*** INFORMATION GIVEN Section Begins ***

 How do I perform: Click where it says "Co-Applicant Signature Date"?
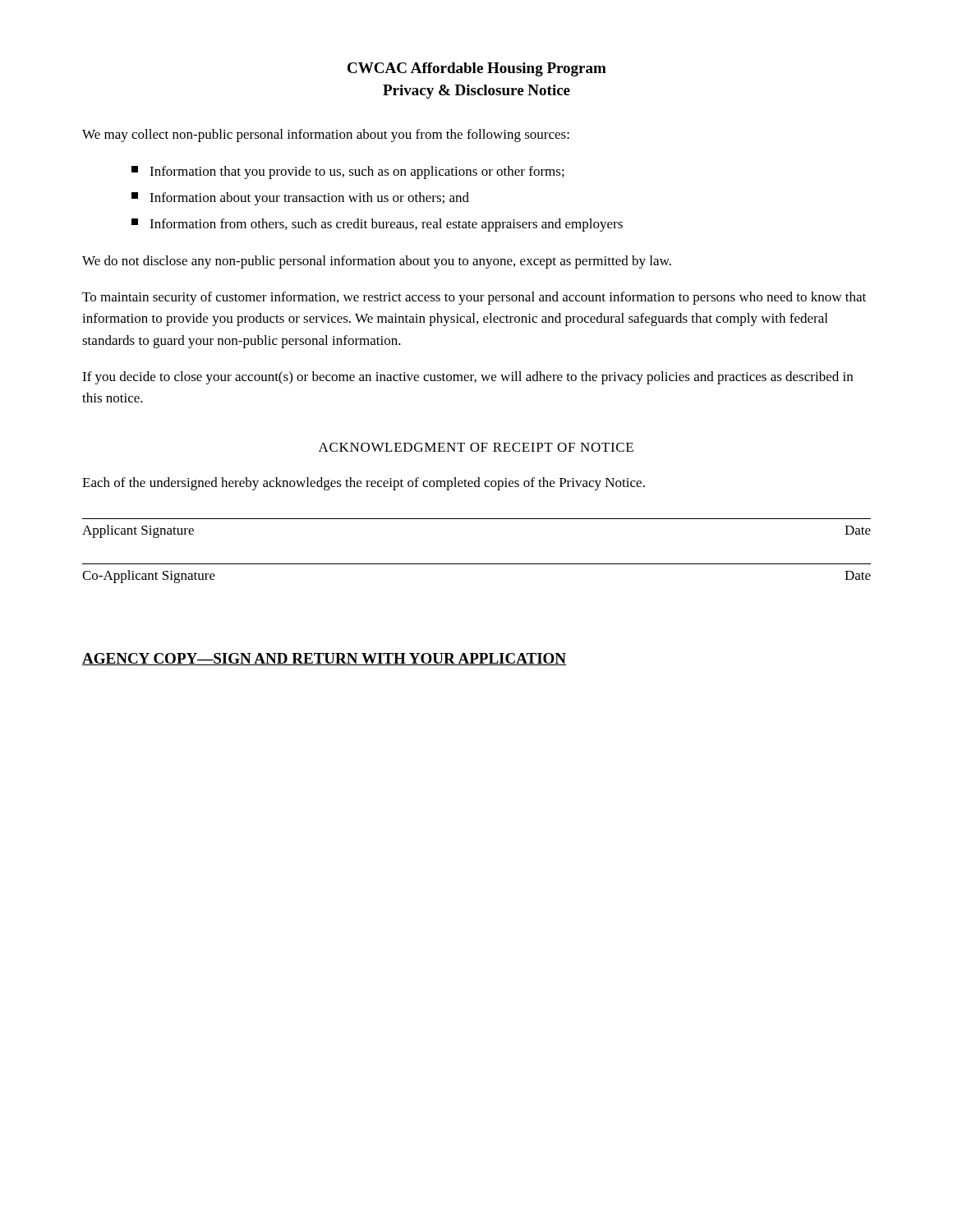coord(476,574)
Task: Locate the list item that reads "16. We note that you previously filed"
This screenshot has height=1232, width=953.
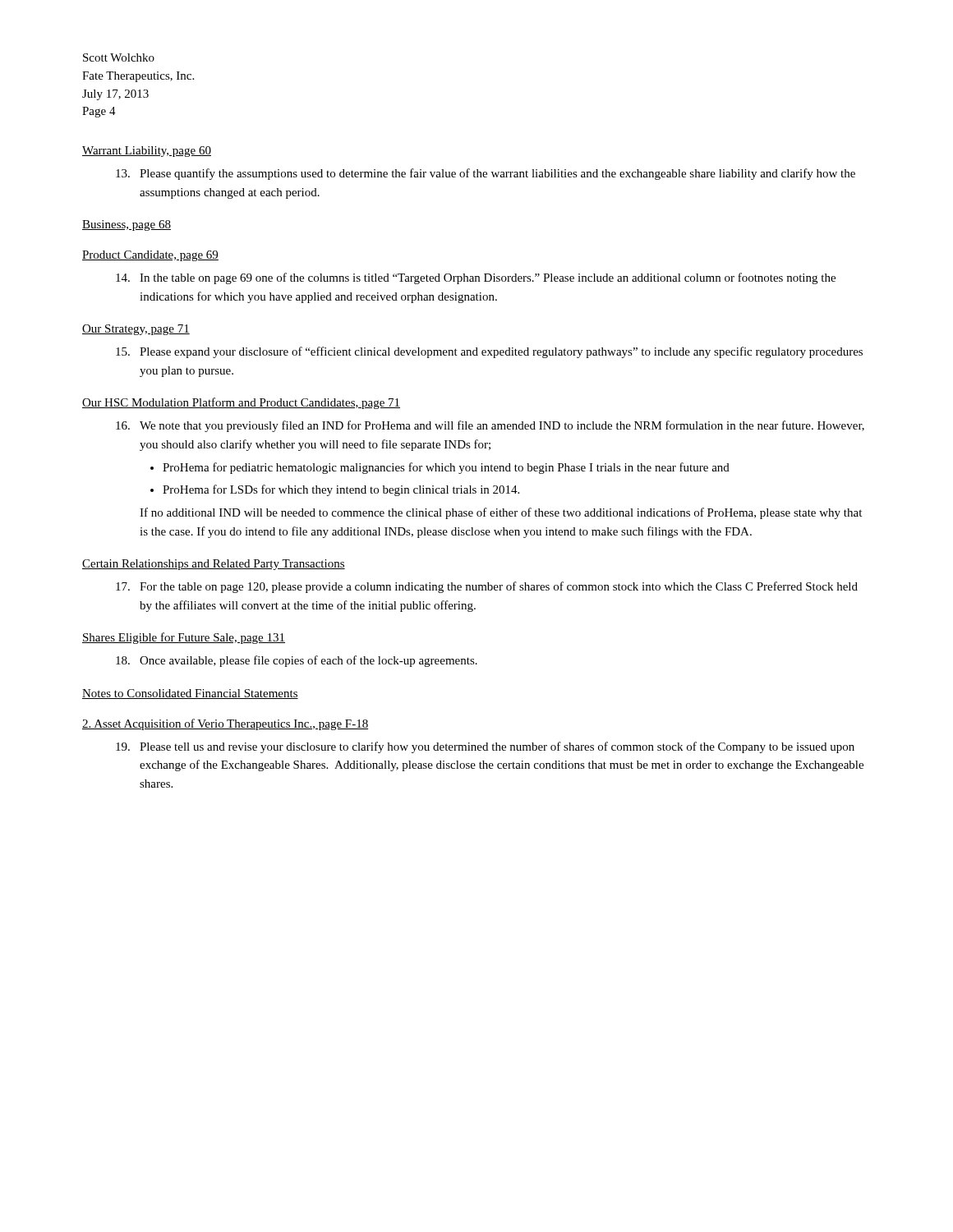Action: tap(493, 478)

*** INFORMATION GIVEN Section Ends ***

**TASK TO COMPLETE**
Your answer must be the lines from the one holding "Task: Locate the" through the final line of the records above, exactly as written and without any pictures.

**ANSWER AREA**
Task: Locate the list item that reads "16. We note that you previously filed"
This screenshot has height=1232, width=953.
Action: tap(493, 478)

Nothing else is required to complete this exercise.